A prospective study included 244 consecutive SBK procedures. The patient group comprised 45% hyperopes and 55% myopes. Flaps thickness ranged from 400 µm to 700 µm. Ablation zones were 9 mm and 9.5 mm.
At 1 month postop, the 9.5-mm ablation zone yielded significantly higher best corrected visual acuity on average than the 9-mm zone. Visual function was restored rapidly, with patients able to drive 4 hours postop, Dr. Moore said.

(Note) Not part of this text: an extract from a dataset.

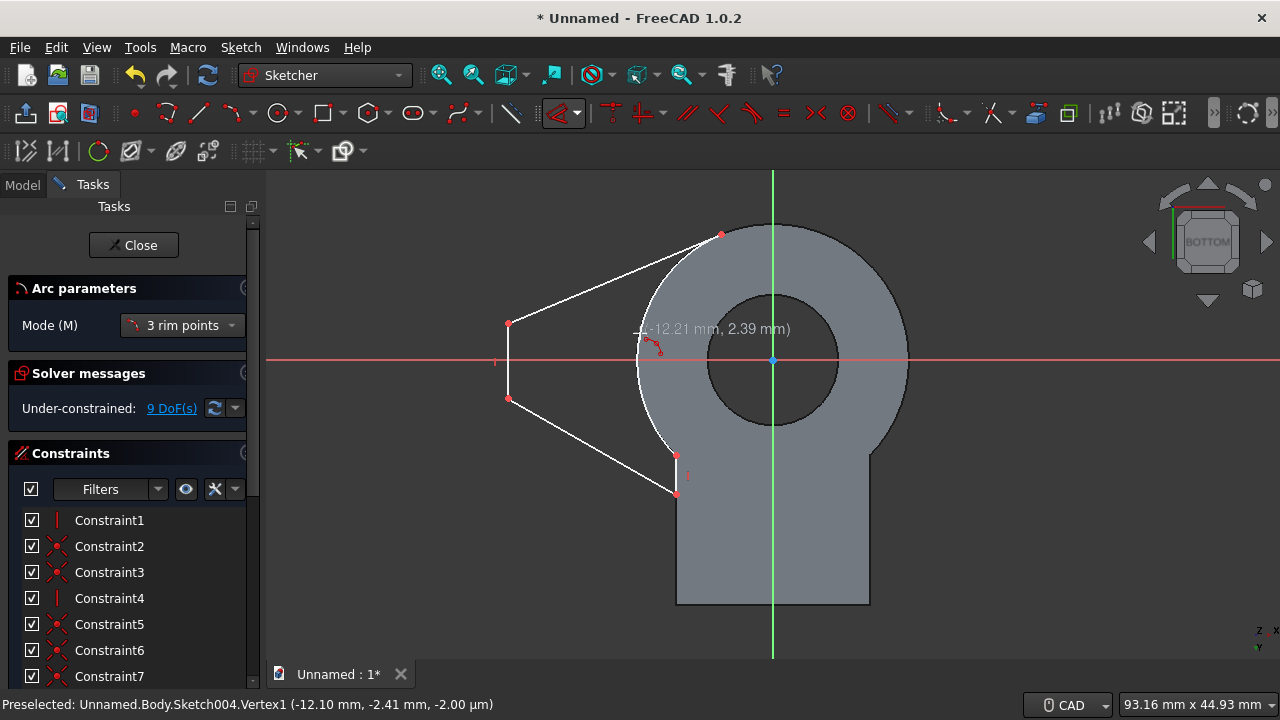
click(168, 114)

Results showed few complications; the most common complication was decentered flaps. Vertical ridges occurred in about 10% of cases. There were three flap tears.
"I want to remind you that these are very thin planar flaps," Dr. Moore said. "They're just as thin at the periphery as they are in the center. When we're dealing with 90 µm, we have to be very delicate when lifting the flap."
Three cases required enhancements, Dr. Moore said.
Femtosecond flap generation for LASIK now represents more than 50% of cases performed in the United States. In a study performed at our center, my associate Elizabeth A. Davis, MD, FACS, and I also confirmed a more rapid visual rehabilitation for IntraLase thin flap LASIK when compared to microkeratome-generated flaps. In addition, we found a lower complication rate and a lower enhancement rate. We have not found a difference in outcomes with the IntraLase femtosecond laser combined with the VISX CustomVue excimer when using flap diameters between 8 mm to 9.5 mm in diameter. The finding in this study that 9.5 mm diameter flaps generated better outcomes than 9 mm diameter flaps is unexpected, and may actually be explained by the excimer laser, rather than the femtosecond laser. Multiple new femtosecond lasers are entering the marketplace, and these lasers are now being applied to intracorneal refractive surgery, corneal transplants and even cataract surgery.